Below are entries; work out how many of their lines include the string "plot", and reply with the number only.

_ _ _ _ _ _ _

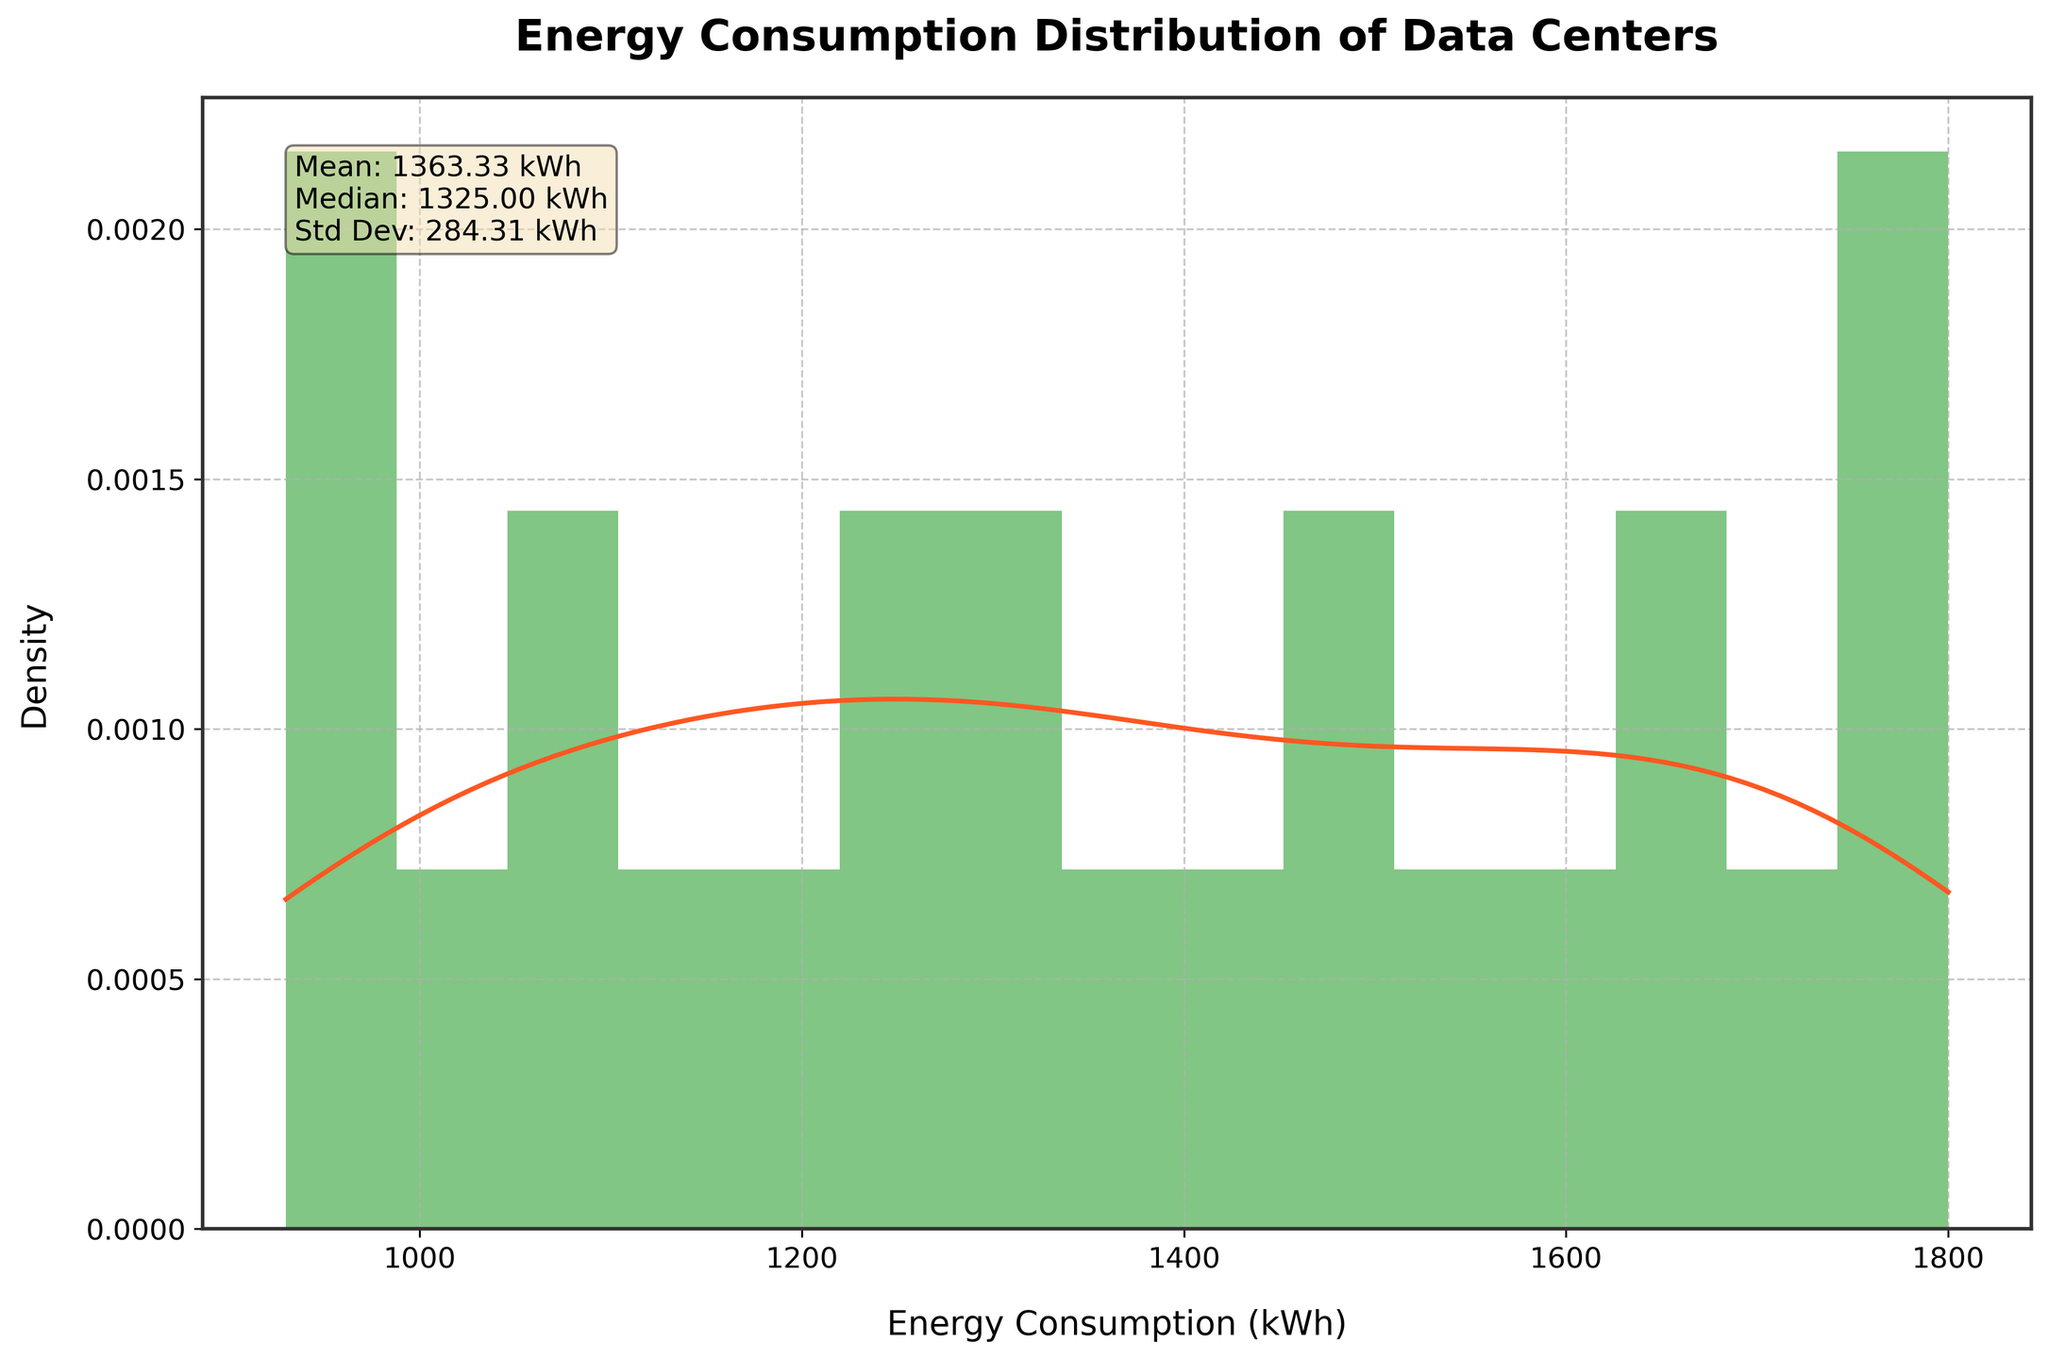What is the title of the histogram? The title is located at the top of the histogram. It reads "Energy Consumption Distribution of Data Centers".
Answer: Energy Consumption Distribution of Data Centers What color is the KDE (density curve)? The color of the KDE line is different from the histogram bars. It is red in color.
Answer: Red How many bins are there in the histogram? The histogram shows the distribution of energy consumption in bins, which are vertical bars. Counting the bars, one can see there are 15 bins.
Answer: 15 What is the mean value of the energy consumption? The mean value is provided in the text box inside the plot, which includes statistical data about the distribution.
Answer: 1389.17 kWh At what time is the highest energy consumption observed? By reviewing the data and considering the title and axis labels, one can deduce that 12:00 has the highest energy consumption.
Answer: 12:00 Which has a higher density: 1500 kWh or 1000 kWh? By observing the KDE curve, one can see that around 1500 kWh the density is higher compared to around 1000 kWh.
Answer: 1500 kWh What is the median energy consumption? The median is provided in the text box located within the plot. It states the median as 1500 kWh.
Answer: 1500 kWh Is the distribution of energy consumption approximately symmetric or skewed? Observing the histogram and KDE curve, the distribution has a longer tail on the left, suggesting that it is left-skewed.
Answer: Left-skewed How much higher is the peak density compared to the area around 1000 kWh? By comparing the peak point of the KDE curve against the KDE value at around 1000 kWh, one can see that the peak density is significantly higher.
Answer: Significantly higher Is there a notable drop in energy consumption during the early morning hours? Reviewing the plot and the reference to the times, the data shows a significant drop in energy consumption from midnight to about 06:00 AM.
Answer: Yes

_ _ _ _ _ _ _

— Response area —
3